We stayed at Inn Seasons at Pollard Brook in Lincoln a few months ago. All you need is within 5 minutes and some things you can walk to. Woodstock Station ROCKS!!! We ate their twice. It's only like a 5 minute drive. The Common Man has good food/atmosphere. We had Chinese at Chieng's Garden. They are located upstairs in the building. You can see the tables from the road. For good Italian Food go to Fratelli's. You can walk to all these places from your resort. Hope this helps.


----------



## tonyg (Jul 13, 2006)

If you can tell me the unit number I may be able to give you an idea as to where it is in the complex. Fratelli's is Ok, wasn't to wild about Cheing's or the Common Man(nice atmosphere, tho). There is a little restaurant in the plaza just before Pollard Brook that is OK. The Chalet was outstanding, but since the rebuild I was unimpressed. I've never tried Govoni's, but I hear it's good (on the road toward lost river). The restaurant at the Mountain Club looked a bit fancy, but we never tried it out when we stayed there. The restaurant at the Kancagamus Motel was very good, but that was a while ago. There have been so many changes in the area since I first started visiting in the seventies. The Jack O'Lantern once had a magnificent restaurant and I even packed a suit just to dine there, but the restaurant is no more.


----------



## DonM (Jul 13, 2006)

tonyg said:
			
		

> I've never tried Govoni's, but I hear it's good (on the road toward lost river).

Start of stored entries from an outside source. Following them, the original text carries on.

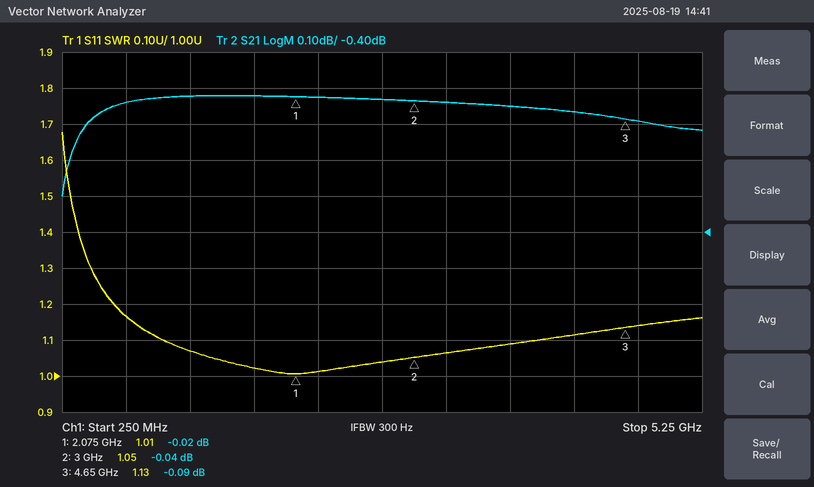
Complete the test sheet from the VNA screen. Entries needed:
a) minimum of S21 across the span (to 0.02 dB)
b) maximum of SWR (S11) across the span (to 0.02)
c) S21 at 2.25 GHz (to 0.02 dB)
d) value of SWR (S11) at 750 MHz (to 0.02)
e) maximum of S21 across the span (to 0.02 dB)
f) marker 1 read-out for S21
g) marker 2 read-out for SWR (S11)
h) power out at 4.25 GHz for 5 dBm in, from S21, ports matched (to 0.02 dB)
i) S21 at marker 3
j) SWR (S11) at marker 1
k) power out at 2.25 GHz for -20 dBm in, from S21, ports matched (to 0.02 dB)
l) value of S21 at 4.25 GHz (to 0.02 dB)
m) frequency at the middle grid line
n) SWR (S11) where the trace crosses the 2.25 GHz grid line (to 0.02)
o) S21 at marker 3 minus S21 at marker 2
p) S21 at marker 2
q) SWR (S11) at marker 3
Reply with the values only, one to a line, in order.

It's been awhile, but I've experienced Govoni's several times, and it was always very good!!


----------



## Iwant2gonow (Jul 14, 2006)

tonyg said:
			
		

> If you can tell me the unit number I may be able to give you an idea as to where it is in the complex. The restaurant at the Mountain Club looked a bit fancy, but we never tried it out when we stayed there.



I probably won't get the unit number until I check in. They emailed me a confirmation since I made the exchange online. Where the unit number is listed it says "FLAT" I just know the unit is in the lodges...not the condos. 
By the restaurant that looked a bit fancy at the Mountain club do you mean Seasons? I was looking for a couple of places that looked nice/but with good food but not so over the top like this place that I found. http://www.sunsethillhouse.com/dining.html  This place has the best reviews but seems so pretentious. Thanks for all the help. 
If anyone else visits the area between now and February would love to hear more.


----------



## tonyg (Jul 14, 2006)

Yes, I believe it was the Seasons.


----------



## Kenrabs (Jul 14, 2006)

We enjoyed the Common Man and in Woodstock the dinning room at the Woodstock Inn was upscale and very nice and they also have a brew pub for casual dinning. Fratellos was ok.


----------



## DonM (Aug 12, 2006)

*Govoni's closed*

Hi:

An update-I just returned from a week at Pollard Brook, and Govoni's is closed at least for the season. There was a sign on the door stating they were closed for the 2006 summer season. It didn't state whether they would open again- it didn't sound promising.

Don


----------



## ragtop (Aug 12, 2006)

Kenrabs said:
			
		

> We enjoyed the Common Man and in Woodstock the dinning room at the Woodstock Inn was upscale and very nice and they also have a brew pub for casual dinning. Fratellos was ok.



Ditto, these are the ones that we enjoyed the best.  Only go to the Common Man if you can stand watching the Red Sox on TV.  If you're a Yankee fan, look for someplace else!


----------



## kaylasmom97 (Aug 14, 2006)

I have to agree with Woodstock Inn.  We ate at Fratello's, we thought it was very good.  We went on a Wednesday and there was a special - salad, entree, dessert and drink for 1 price.  couldn't be beat!  There's a Brittnay's Cafe that is suppose to be very good as well.  McDonalds is there too!!


----------



## Bwolf (Aug 16, 2007)

*Truant's Taverne*

Truant's Taverne in Woodstock should get a mention.

Clement Grille at Woodstock and the Inn itself are quite good.  The beer is enjoyable.


----------